Dans la zone d’élevage, la végétation est constituée dans sa quasi-totalité de savanes arbustives claires et denses. Dans les emplacements d’anciens campements (cas du premier campement Djafun implanté par ardo Haman), les arbustes sont très denses avec les cimes jointives, alors que plus loin la savane présente une allure de forêt sèche. Les essences les plus représentatives ici sont les jeunes Terminalia Glaucescens et Parinari curatellifolia, Piliostigma thonningii, Hymenocardia acida, Nauclea latifolia, Anona senegalensis et Ficus (capensis) ; auxquels on peut ajouter Vitex spp. Sur les zones dénudées, on observe un embuissonnement par Chromolaena odorata et Harungana madagascariensis mais il n’atteint pas l’importance de celui des plateaux du nord-ouest. Une place à part peut être faite aux prairies sur cuirasses ferrugineuses, que l’on rencontre en abondance dans la région. Cette abondance de cuirassement à l’intérieur de cette zone soudano-guinéenne se traduit, quand la cuirasse ferrugineuse est nue ou sub-affleurante, par le développement de clairières au milieu de la savane arborée ou arbustive (Boulvert, 1980).

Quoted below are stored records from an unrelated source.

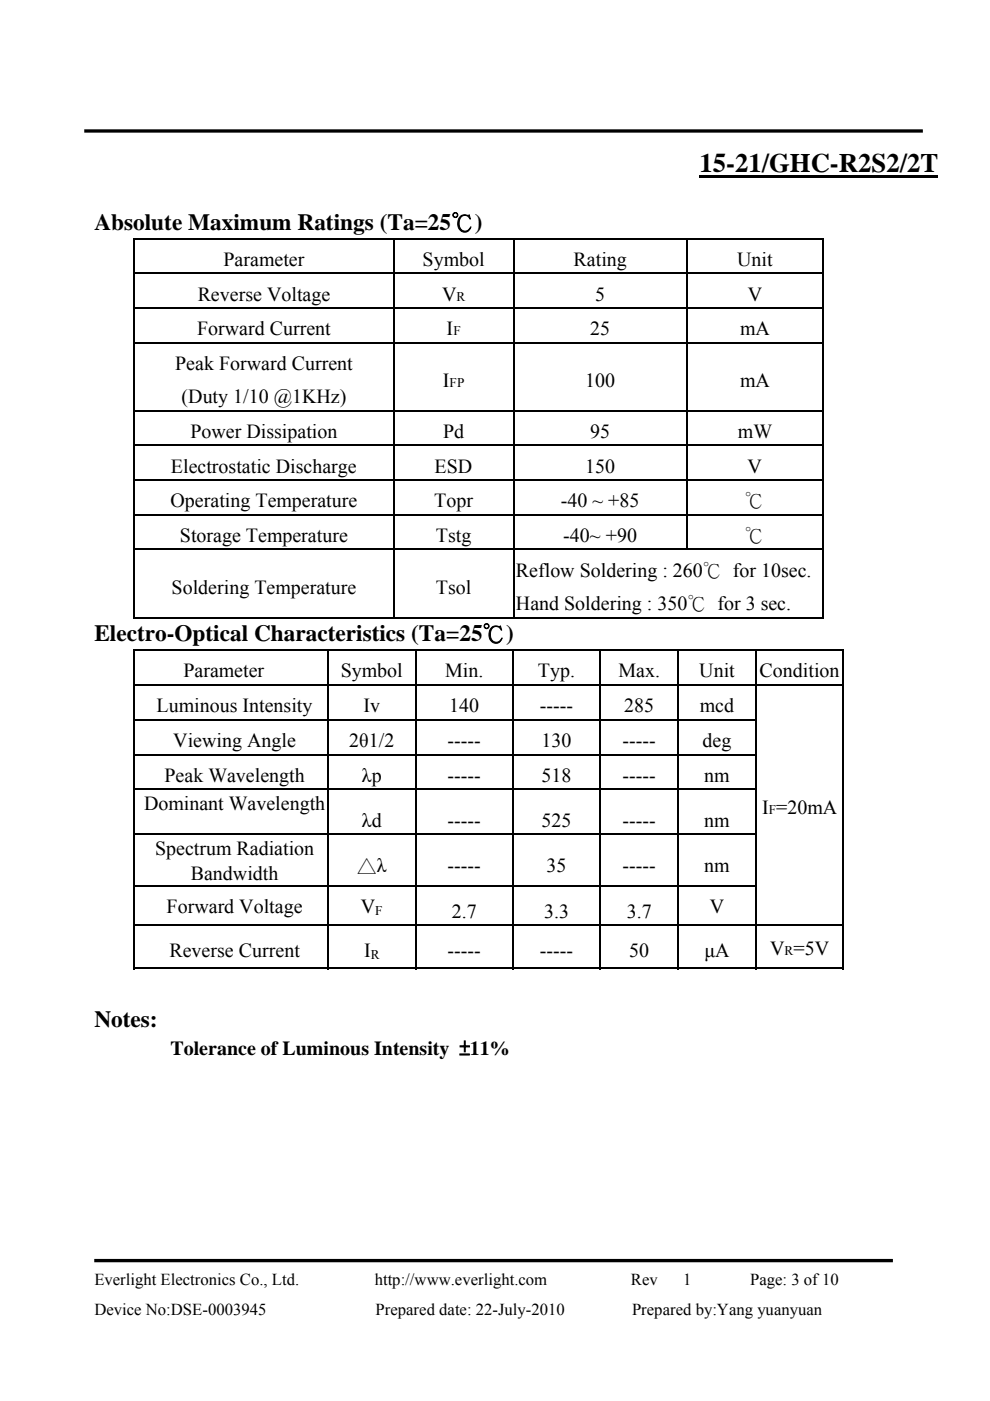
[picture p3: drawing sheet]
<svg xmlns="http://www.w3.org/2000/svg" width="210mm" height="297mm" viewBox="0 0 210 297" stroke-linecap="round" stroke-linejoin="round" font-family="sans-serif">
<defs><g id="words">
<text font-size="5.7" x="148.3" y="36.5">15-21/GHC-R2S2/2T</text>
<g font-size="4.9">
<text x="20" y="48.8">Absolute Maximum Ratings (Ta=25℃)</text>
<text x="20" y="136">Electro-Optical Characteristics (Ta=25℃)</text>
<text x="20" y="217.8">Notes:</text>
</g>
<g font-size="4.2">
<text x="47.4" y="56.4">Parameter</text>
<text x="89.6" y="56.4">Symbol</text>
<text x="121.6" y="56.4">Rating</text>
<text x="156.3" y="56.4">Unit</text>
<text x="41.9" y="63.8">Reverse Voltage</text>
<text x="93.7" y="63.8">V</text>
<text x="126.2" y="63.8">5</text>
<text x="158.5" y="63.8">V</text>
<text x="41.8" y="71.1">Forward Current</text>
<text x="94.7" y="71.1">I</text>
<text x="125.1" y="71.1">25</text>
<text x="156.9" y="71.1">mA</text>
<text x="37.1" y="78.5">Peak Forward Current</text>
<text x="93.9" y="82">I</text>
<text x="124.1" y="82">100</text>
<text x="156.9" y="82">mA</text>
<text x="38.5" y="85.5">(Duty 1/10 @1KHz)</text>
<text x="40.4" y="92.9">Power Dissipation</text>
<text x="93.9" y="92.9">Pd</text>
<text x="125.1" y="92.9">95</text>
<text x="156.5" y="92.9">mW</text>
<text x="36.2" y="100.2">Electrostatic Discharge</text>
<text x="92.1" y="100.2">ESD</text>
<text x="124" y="100.2">150</text>
<text x="158.5" y="100.2">V</text>
<text x="36.2" y="107.5">Operating Temperature</text>
<text x="92.1" y="107.5">Topr</text>
<text x="118.9" y="107.5">-40 ~ +85</text>
<text x="157.9" y="107.5">℃</text>
<text x="38.1" y="114.9">Storage Temperature</text>
<text x="92.4" y="114.9">Tstg</text>
<text x="119.4" y="114.9">-40~ +90</text>
<text x="157.9" y="114.9">℃</text>
<text x="36.4" y="125.9">Soldering Temperature</text>
<text x="92.4" y="125.9">Tsol</text>
<text x="109.4" y="122.4">Reflow Soldering : 260℃ for 10sec.</text>
<text x="109.4" y="129.4">Hand Soldering : 350℃ for 3 sec.</text>
<text x="38.9" y="143.6">Parameter</text>
<text x="72.2" y="143.6">Symbol</text>
<text x="94.4" y="143.6">Min.</text>
<text x="114.1" y="143.6">Typ.</text>
<text x="131.1" y="143.6">Max.</text>
<text x="148.3" y="143.6">Unit</text>
<text x="161.1" y="143.6">Condition</text>
<text x="33.2" y="151">Luminous Intensity</text>
<text x="77.1" y="151">Iv</text>
<text x="95.2" y="151">140</text>
<text x="114.4" y="151">-----</text>
<text x="132.3" y="151">285</text>
<text x="148.4" y="151">mcd</text>
<text x="36.7" y="158.5">Viewing Angle</text>
<text x="74" y="158.5">2θ1/2</text>
<text x="94.9" y="158.5">-----</text>
<text x="114.8" y="158.5">130</text>
<text x="132" y="158.5">-----</text>
<text x="149" y="158.5">deg</text>
<text x="34.9" y="165.8">Peak Wavelength</text>
<text x="76.8" y="165.8">λp</text>
<text x="94.9" y="165.8">-----</text>
<text x="114.8" y="165.8">518</text>
<text x="132" y="165.8">-----</text>
<text x="149.3" y="165.8">nm</text>
<text x="30.5" y="171.7">Dominant Wavelength</text>
<text x="161.6" y="172.6">I =20mA</text>
<text x="76.8" y="175.3">λd</text>
<text x="94.9" y="175.3">-----</text>
<text x="114.8" y="175.3">525</text>
<text x="132" y="175.3">-----</text>
<text x="149.3" y="175.3">nm</text>
<text x="32.9" y="181.3">Spectrum Radiation</text>
<text x="75.7" y="184.8">△λ</text>
<text x="94.9" y="184.8">-----</text>
<text x="115.9" y="184.8">35</text>
<text x="132" y="184.8">-----</text>
<text x="149.3" y="184.8">nm</text>
<text x="40.4" y="186.6">Bandwidth</text>
<text x="35.3" y="193.6">Forward Voltage</text>
<text x="76.5" y="193.6">V</text>
<text x="95.8" y="194.6">2.7</text>
<text x="115.4" y="194.6">3.3</text>
<text x="132.9" y="194.6">3.7</text>
<text x="150.5" y="193.6">V</text>
<text x="35.9" y="202.9">Reverse Current</text>
<text x="77.2" y="202.9">I</text>
<text x="94.9" y="202.9">-----</text>
<text x="114.4" y="202.9">-----</text>
<text x="133.4" y="202.9">50</text>
<text x="149.4" y="202.9">µA</text>
<text x="163.3" y="202.6">V =5V</text>
<text x="36.1" y="223.7">Tolerance of Luminous Intensity ±11%</text>
</g>
<g font-size="3.5">
<text x="20" y="272.4">Everlight Electronics Co., Ltd.</text>
<text x="79.4" y="272.4">http://www.everlight.com</text>
<text x="133.8" y="272.4">Rev</text>
<text x="144.8" y="272.4">1</text>
<text x="159" y="272.4">Page: 3 of 10</text>
<text x="20" y="278.7">Device No:DSE-0003945</text>
<text x="79.6" y="278.7">Prepared date: 22-July-2010</text>
<text x="134" y="278.7">Prepared by:Yang yuanyuan</text>
</g>
<g font-size="2.8">
<text x="96.8" y="63.8">R</text>
<text x="96.1" y="71.1">F</text>
<text x="95.3" y="82">FP</text>
<text x="163" y="172.6">F</text>
<text x="79.6" y="194.1">F</text>
<text x="78.6" y="203.4">R</text>
<text x="166.3" y="202.6">R</text>
</g>
</g></defs>
<g fill="#000">
<path d="M148.3 37.1h50.6v.5h-50.6zM28.3 50.5h.3v.3h-.3zM28.3 57.8h.3v.3h-.3zM83.4 50.5h.2v.3h-.2zM83.4 57.8h.2v.3h-.2zM108.8 50.5h.2v.3h-.2zM108.8 57.8h.2v.3h-.2zM145.5 50.5h.2v.3h-.2zM145.5 57.8h.2v.3h-.2zM174.4 50.5h.2v.3h-.2zM174.4 57.8h.2v.3h-.2zM28.3 65.2h.3v.3h-.3z"/>
<path d="M28.3 72.5h.3v.3h-.3zM83.4 65.2h.2v.3h-.2zM83.4 72.5h.2v.3h-.2zM108.8 65.2h.2v.3h-.2zM108.8 72.5h.2v.3h-.2zM145.5 65.2h.2v.3h-.2zM145.5 72.5h.2v.3h-.2zM174.4 65.2h.2v.3h-.2zM174.4 72.5h.2v.3h-.2zM28.3 86.9h.3v.3h-.3zM28.3 94.3h.3v.3h-.3zM83.4 86.9h.2v.3h-.2z"/>
<path d="M83.4 94.3h.2v.3h-.2zM108.8 86.9h.2v.3h-.2zM108.8 94.3h.2v.3h-.2zM145.5 86.9h.2v.3h-.2zM145.5 94.3h.2v.3h-.2zM174.4 86.9h.2v.3h-.2zM174.4 94.3h.2v.3h-.2zM28.3 101.6h.3v.3h-.3zM28.3 109h.3v.2h-.3zM28.3 116.3h.3v.3h-.3zM83.4 101.6h.2v.3h-.2zM83.4 109h.2v.2h-.2z"/>
<path d="M83.4 116.3h.2v.3h-.2zM108.8 101.6h.2v.3h-.2zM108.8 109h.2v.2h-.2zM108.8 116.3h.2v.3h-.2zM145.5 101.6h.2v.3h-.2zM145.5 109h.2v.2h-.2zM174.4 101.6h.2v.3h-.2zM174.4 109h.2v.2h-.2zM174.4 116.3h.2v.3h-.2zM28.2 137.7h.2v.2h-.2zM69.4 137.7h.3v.2h-.3zM88 137.7h.2v.2h-.2z"/>
<path d="M108.6 137.7h.3v.2h-.3zM127.1 137.7h.3v.2h-.3zM143.7 137.7h.2v.2h-.2zM160.1 137.7h.3v.2h-.3zM174.4 131h.2v.2h-.2zM178.7 137.7h.2v.2h-.2zM28.2 145h.2v.4h-.2zM28.2 152.4h.2v.4h-.2zM69.4 145h.3v.4h-.3zM69.4 152.4h.3v.4h-.3zM88 145h.2v.4h-.2zM88 152.4h.2v.4h-.2z"/>
<path d="M108.6 145h.3v.4h-.3zM108.6 152.4h.3v.4h-.3zM127.1 145h.3v.4h-.3zM127.1 152.4h.3v.4h-.3zM143.7 145h.2v.4h-.2zM143.7 152.4h.2v.4h-.2zM160.1 145h.3v.4h-.3zM160.1 152.4h.3v.4h-.3zM178.7 145h.2v.4h-.2zM178.7 152.4h.2v.4h-.2zM28.2 159.9h.2v.2h-.2zM28.2 167.2h.2v.3h-.2z"/>
<path d="M28.2 176.7h.2v.3h-.2zM69.4 159.9h.3v.2h-.3zM69.4 167.2h.3v.3h-.3zM69.4 176.7h.3v.3h-.3zM88 159.9h.2v.2h-.2zM88 167.2h.2v.3h-.2zM88 176.7h.2v.3h-.2zM108.6 159.9h.3v.2h-.3zM108.6 167.2h.3v.3h-.3zM108.6 176.7h.3v.3h-.3zM127.1 159.9h.3v.2h-.3zM127.1 167.2h.3v.3h-.3z"/>
<path d="M127.1 176.7h.3v.3h-.3zM143.7 159.9h.2v.2h-.2zM143.7 167.2h.2v.3h-.2zM143.7 176.7h.2v.3h-.2zM160.1 159.9h.3v.2h-.3zM160.1 167.2h.3v.3h-.3zM160.1 176.7h.3v.3h-.3zM178.7 159.9h.2v.2h-.2zM178.7 167.2h.2v.3h-.2zM178.7 176.7h.2v.3h-.2zM28.2 187.6h.2v.3h-.2zM28.2 196h.2v.3h-.2z"/>
<path d="M69.4 187.6h.3v.3h-.3zM69.4 196h.3v.3h-.3zM88 187.6h.2v.3h-.2zM88 196h.2v.3h-.2zM108.6 187.6h.3v.3h-.3zM108.6 196h.3v.3h-.3zM127.1 187.6h.3v.3h-.3zM127.1 196h.3v.3h-.3zM143.7 187.6h.2v.3h-.2zM143.7 196h.2v.3h-.2zM160.1 187.6h.3v.3h-.3zM160.1 196h.3v.3h-.3z"/>
<path d="M178.7 187.6h.2v.3h-.2zM178.7 196h.2v.3h-.2zM178.7 205.2h.2v.3h-.2z"/>
</g>
<path d="M17.9 27.8h177.8M20 267.3h169.3" fill="none" stroke="#000" stroke-width=".71" stroke-linecap="butt"/>
<g fill="none" stroke="#000" stroke-width=".25">
<path d="M28.3 50.6h55.1M28.5 50.8v7M28.5 58.1v7.1M28.6 58h54.8M83.5 50.8v7M83.5 58.1v7.1M83.6 50.6h25.2M83.6 58h25.2M108.9 50.8v7M108.9 58.1v7.1M109 50.6h36.5M109 58h36.5"/>
<path d="M145.6 50.8v7M145.6 58.1v7.1M145.7 50.6h28.7M145.7 58h28.7M174.5 50.8v7M174.5 58.1v7.1M28.5 65.5v7M28.5 72.8v14.1M28.6 65.3h54.8M28.6 72.7h54.8M83.5 65.5v7M83.5 72.8v14.1"/>
<path d="M83.6 65.3h25.2M83.6 72.7h25.2M108.9 65.5v7M108.9 72.8v14.1M109 65.3h36.5M109 72.7h36.5M145.6 65.5v7M145.6 72.8v14.1M145.7 65.3h28.7M145.7 72.7h28.7M174.5 65.5v7M174.5 72.8v14.1"/>
<path d="M28.5 87.2v7.1M28.5 94.6v7M28.6 87.1h54.8M28.6 94.4h54.8M83.5 87.2v7.1M83.5 94.6v7M83.6 87.1h25.2M83.6 94.4h25.2M108.9 87.2v7.1M108.9 94.6v7M109 87.1h36.5M109 94.4h36.5"/>
<path d="M145.6 87.2v7.1M145.6 94.6v7M145.7 87.1h28.7M145.7 94.4h28.7M174.5 87.2v7.1M174.5 94.6v7M28.5 101.9v7.1M28.5 109.2v7.1M28.5 116.6v14.6M28.6 101.7h54.8M28.6 109.1h54.8M28.6 116.4h54.8"/>
<path d="M83.5 101.9v7.1M83.5 109.2v7.1M83.5 116.6v14.6M83.6 101.7h25.2M83.6 109.1h25.2M83.6 116.4h25.2M108.9 101.9v7.1M108.9 109.2v7.1M108.9 116.6v14.6M109 101.7h36.5M109 109.1h36.5M109 116.4h65.4"/>
<path d="M145.6 101.9v7.1M145.6 109.2v7.1M145.7 101.7h28.7M145.7 109.1h28.7M174.5 101.9v7.1M174.5 109.2v7.1M174.5 116.6v14.6M28.2 137.8h41.2M28.3 137.9v7.1M28.3 131.1h55.1M69.6 137.9v7.1M69.7 137.8h18.3"/>
<path d="M83.6 131.1h25.2M88.1 137.9v7.1M88.2 137.8h20.4M108.7 137.9v7.1M108.9 137.8h18.2M109 131.1h65.4M127.3 137.9v7.1M127.4 137.8h16.3M143.8 137.9v7.1M143.9 137.8h16.2M160.3 137.9v7.1M160.4 137.8h18.3"/>
<path d="M178.8 137.9v7.1M28.3 145.4v7M28.3 152.8v7.1M28.4 160h41M69.6 145.4v7M69.6 152.8v7.1M69.7 145.1h18.3M69.7 152.6h18.3M69.7 160h18.3M88.1 145.4v7M88.1 152.8v7.1M88.2 145.1h20.4"/>
<path d="M88.2 152.6h20.4M88.2 160h20.4M108.7 145.4v7M108.7 152.8v7.1M108.9 145.1h18.2M108.9 152.6h18.2M108.9 160h18.2M127.3 145.4v7M127.3 152.8v7.1M127.4 145.1h16.3M127.4 152.6h16.3M127.4 160h16.3"/>
<path d="M143.8 145.4v7M143.8 152.8v7.1M143.9 145.1h16.2M143.9 152.6h16.2M143.9 160h16.2M160.3 145.4v7M160.3 152.8v7.1M160.4 145.1h18.3M178.8 145.4v7M178.8 152.8v7.1M28.3 160.1v7.1M28.3 167.5v9.2"/>
<path d="M28.3 177v10.6M28.4 167.3h41M69.6 160.1v7.1M69.6 167.5v9.2M69.6 177v10.6M69.7 167.3h18.3M69.7 176.8h18.3M88.1 160.1v7.1M88.1 167.5v9.2M88.1 177v10.6M88.2 167.3h20.4M88.2 176.8h20.4"/>
<path d="M108.7 160.1v7.1M108.7 167.5v9.2M108.7 177v10.6M108.9 167.3h18.2M108.9 176.8h18.2M127.3 160.1v7.1M127.3 167.5v9.2M127.3 177v10.6M127.4 167.3h16.3M127.4 176.8h16.3M143.8 160.1v7.1M143.8 167.5v9.2"/>
<path d="M143.8 177v10.6M143.9 167.3h16.2M143.9 176.8h16.2M160.3 160.1v7.1M160.3 167.5v9.2M160.3 177v10.6M178.8 160.1v7.1M178.8 167.5v9.2M178.8 177v10.6M28.3 187.9v8.1M28.3 196.3v9.2M28.4 187.8h41"/>
<path d="M28.4 196.2h41M69.6 187.9v8.1M69.6 196.3v9.2M69.7 187.8h18.3M69.7 196.2h18.3M88.1 187.9v8.1M88.1 196.3v9.2M88.2 187.8h20.4M88.2 196.2h20.4M108.7 187.9v8.1M108.7 196.3v9.2M108.9 187.8h18.2"/>
<path d="M108.9 196.2h18.2M127.3 187.9v8.1M127.3 196.3v9.2M127.4 187.8h16.3M127.4 196.2h16.3M143.8 187.9v8.1M143.8 196.3v9.2M143.9 187.8h16.2M143.9 196.2h16.2M160.3 187.9v8.1M160.3 196.3v9.2M160.4 196.2h18.3"/>
<path d="M178.8 187.9v8.1M178.8 196.3v9.2M28.2 205.3h41.2M69.7 205.3h18.3M88.2 205.3h20.4M108.9 205.3h18.2M127.4 205.3h16.3M143.9 205.3h16.2M160.4 205.3h18.3"/>
</g>
<path d="M28.4 145.2h41M28.4 152.6h41M28.4 176.8h41" fill="none" stroke="#000" stroke-width=".34"/>
<use href="#words"/>
</svg>

Suivant leur position, cet auteur distingue les « lakéré » de plateau, de chape (sur arêtes d’itabirites), de versant ou de battement de nappe en bas de pente. Suivant leur forme, on peut distinguer des « Lakéré » en lanières sur roches métamorphiques orientées, en fer de cheval, en épingles à cheveux ou parfois circulaires sur roches éruptives.

Sur un véritable « lakéré », la cuirasse compacte et sub-affleurante ne permet pas à la végétation ligneuse de se développer. La végétation herbacée décroît avec l’épaisseur de terre meuble. Elle passe d’Hyparrhenia spp à diverses espèces de Panicum, d’Eragrostis spp, de Loudetia (annua, coarctata), de Ctenium (nelegas, newtonii) jusqu’à Cochlorspermum tinctorium. Au centre, la cuirasse peut être nue ou renfermer des plaques d’eau temporaires à Panicum indicum, Loudetia spp., Cyperus pustulatus. La surface des lakéré est souvent parsemée de gravillons, de blocs épais de cuirasse ainsi que de multiples termitières champignons édifiées par

Cubitermes fugifaber Sjöst. M. Mazade (1980) a consacré sa thèse à cette formation.

Comme nous venons de le constater, en dehors des « lakéré », la physionomie des savanes de la région de Bambari est largement sous la dépendance des facteurs biotiques très mouvants. Cette dynamique du milieu naturel observée depuis ces trente dernières années ne cesse pas d’être inquiétante.